Y'à deux files interminables pour les permis. Derrière son guichet-bocal, une femme sans âge, elle doit être là depuis toujours sans doute, distribue à tour de bras des formulaires de couleurs différentes. Mais, lentement. Ca peut paraître paradoxal, mais elle attrape un feuillet sur une pile, le fait glisser à la personne, jusqu'ici c'est rapide, et au moment où elle va lâcher la feuille: "vous avez votre attestation A 23"?, regard de stupeur du gars "non", "alors il faudra revenir demain", et voilà, c'est à partir de là que ça devient long.
Je m'étais campée bien droite sur mes deux jambes, pour pas mettre tout mon poids sur l’une, après j'ai mal au dos. Je pouvais sentir l'haleine aillée de la personne derrière moi. Et plus l'heure avançait, plus la file se comprimait, débordant inévitablement sur la l"igne de confidentialité". Ca pousse, ça trépigne, ça essaie d'avancer ,même si devant c'est toujours le même monsieur qui cherche sa pièce d'identité...Au bout d’une heure, cette ligne n'existait plus. La file non plus, c'était un paquet de chaires humaines écrabouillées contre l'hygiaphone.

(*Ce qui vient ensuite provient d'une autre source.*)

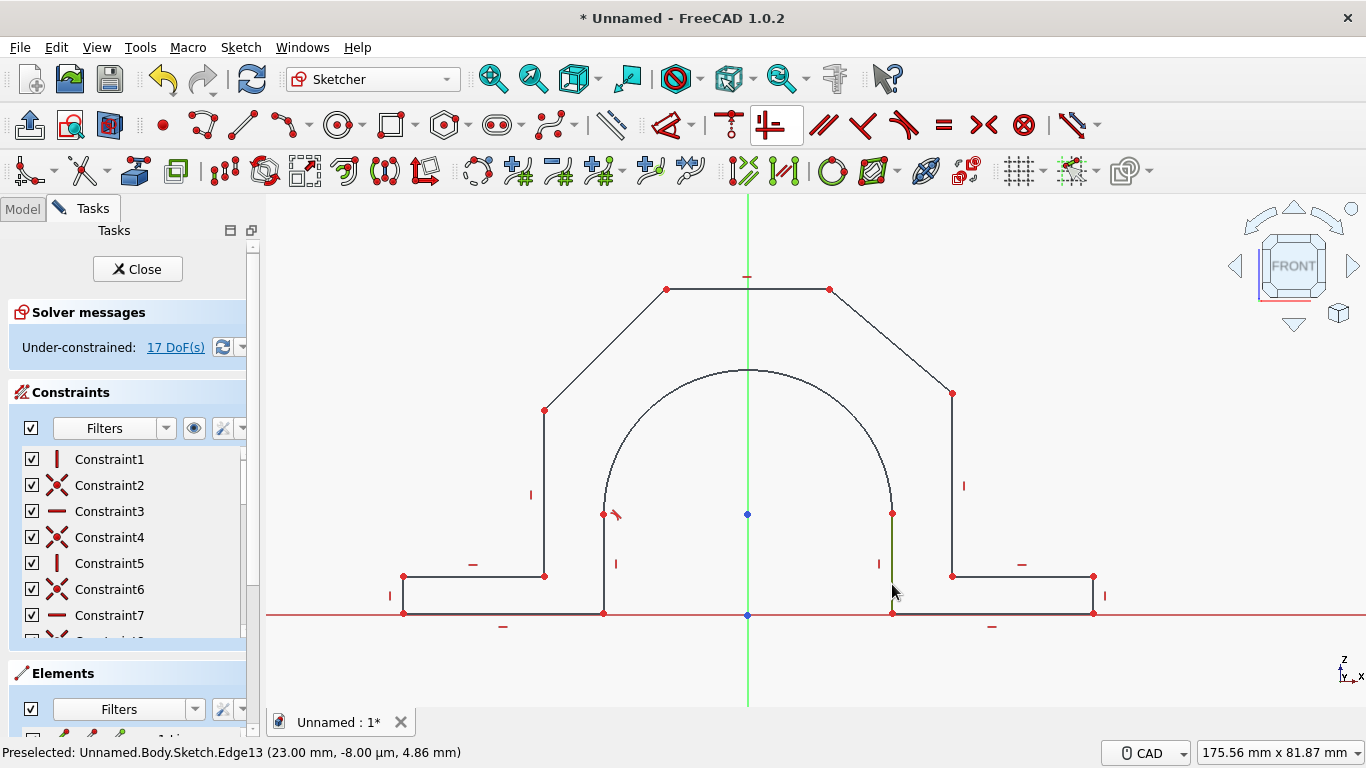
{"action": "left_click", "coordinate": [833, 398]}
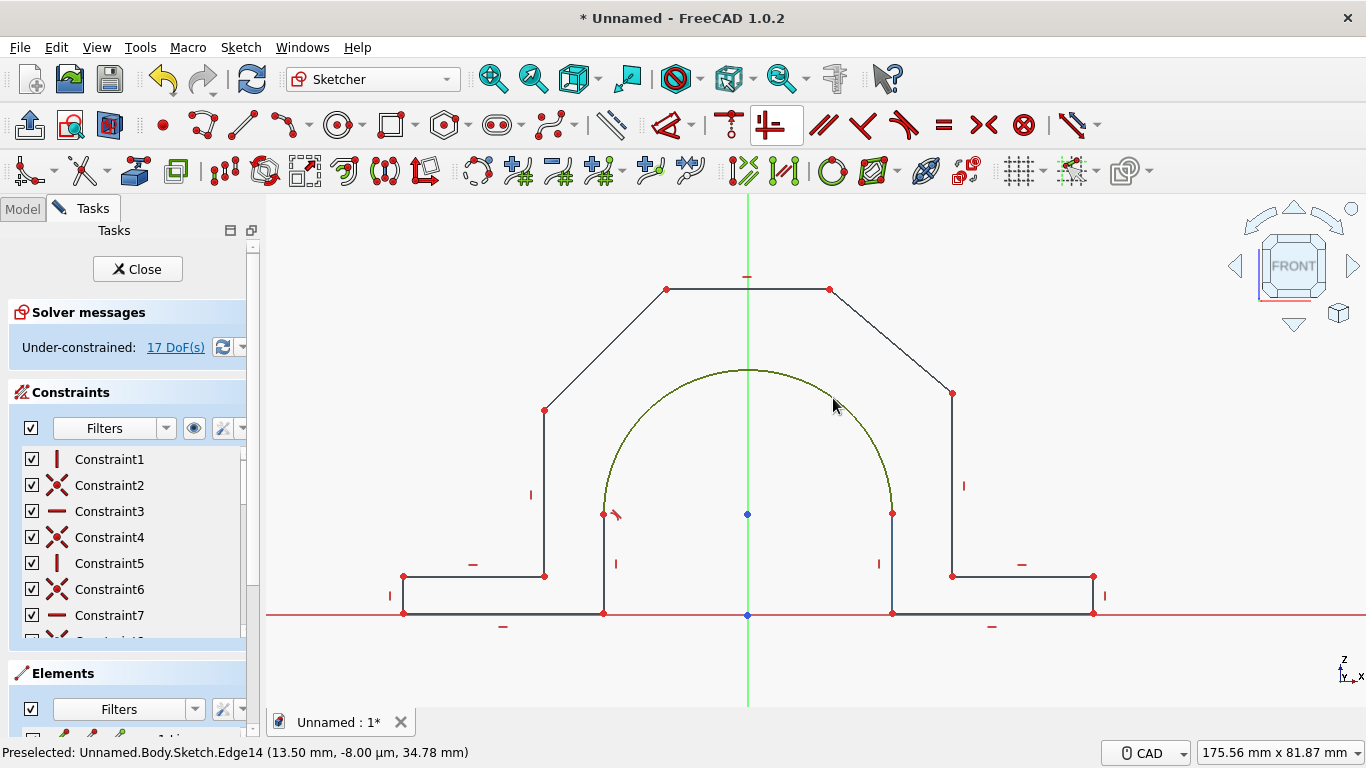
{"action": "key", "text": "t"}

Il y avait tellement de monde que les corps compressés s’étaient agglutinés, formant ainsi un amas informe. La foule concentrée continuait d'augmenter de volume et de se presser contre l'hygiaphone, transformé pour le coup ,en hachoir, nous étions de la chair à saucisse administrative.
J'étais vraiment lessivée en sortant, mais j'avais mon formulaire. Il y avait le numéro de l'hôpital agréé pour ma prise de sang, ainsi que le prix de l'examen, 60 €. Par ailleurs, il fallait joindre 2 enveloppes timbrées dont une AR, 5€. Ajouté aux PV que j'avais pris cette nuit là parce que j'avais pas mes papiers, l'addition était de 65+22= 87€. Voilà, à ce prix là, j'aurais quand même pu être saoule.... Que dalle.